You can use the same evidence in a performance review, an internal application or a conversation about how your role is changing.
Step 4: Decide what you want to learn next
Your notes may show tasks you can already do, tasks you would like to try and tasks that do not interest you. Pay attention to all three. A responsibility appearing in several ads does not mean you need to learn it if those roles are not right for you.
Think about the work you would like to do more of. Do you want to use AI to improve your own research, reporting or everyday tasks? Would you rather build a tool or automation that other people can use? Or do you want to develop AI applications as a software engineer? Your answer will help you choose what to practise next.
Those AI and automation titles from the job ads aren't hypothetical, either. Looking back at our own learners hired over the past year, roughly one in seven landed a role with "AI" or "automation" in the title itself, including AI Engineer, AI Consultant, AI Program Lead, Automation Specialist and Full Stack AI Engineer. The rest went into roles that use AI as part of a broader job without it being the headline label, which is exactly why reading past the title matters.
You could start with a problem at work, build a small project or look for structured learning.
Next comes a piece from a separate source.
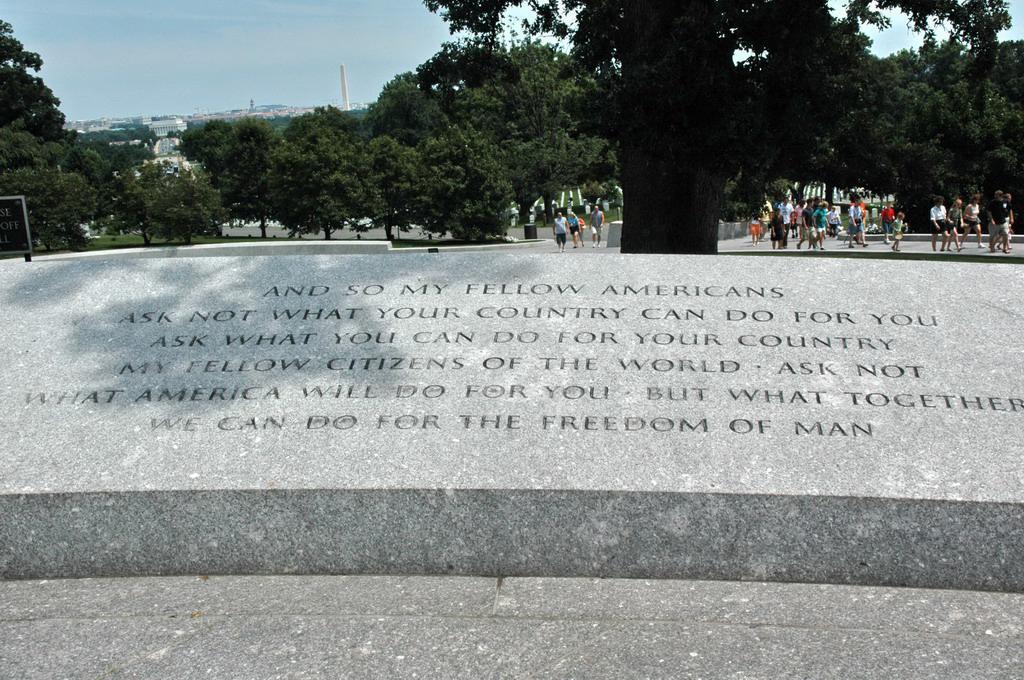In one or two sentences, can you explain what this image depicts? In this image there is some text on the wall, behind that there are a few people walking on the path, there are trees, buildings and in the background there is the sky.

We have three short programmes for different starting points and goals: |
|---|
Building with AI Agents helps you turn a problem you know from work into a useful solution, such as an internal tool, dashboard or automation. You learn to plan it, guide AI as you build it, test it and make it ready for others to use. The result is a working project you can show, alongside your existing experience in operations, sales, marketing or another field. For a quick check of this one pathway, the programme’s free AI-building-level quiz offers a rough starting point. |
AI for Business helps you use AI in a business role: make sense of information, improve reports and presentations, work with spreadsheets and cut down recurring manual tasks. You also learn to check AI output before using it. This fits a gap in applying AI to work you already understand, and gives you a project you can discuss in an interview. No coding background is required to start. |
AI Engineering helps developers build applications that use company information, carry out multi-step tasks and work reliably beyond a demo. You practise connecting data, testing results and deploying an application you can discuss with employers. This path requires at least one year of Python or JavaScript experience to start; engineering vacancies may ask for more software experience. |
Compare the programmes side by side to see what you would learn and what experience you need before applying. Then return to the ads for roles you want: check whether the work appeals to you and which requirements a project or programme could help you meet.
If you are in Germany, funding may be available depending on your circumstances and the programme. Our Bildungsgutschein guide explains how to explore that option.
Your four-step job-ad check ✅
Decode the work: compare at least five relevant ads and group tasks that mean the same thing, check each role’s experience and technical requirements.
Sort the recurring tasks: what have you done, tried in part, or never done before?
Update your CV: show the work you can prove that matches repeated responsibilities.
Decide what comes next: practise a repeated task you cannot yet show, or use the evidence you already have.
You should finish with examples you can back up, a clearer view of which roles fit your experience, and a better sense of whether you need to learn anything next. You can use that evidence on a CV, in a review or in a conversation about your current role.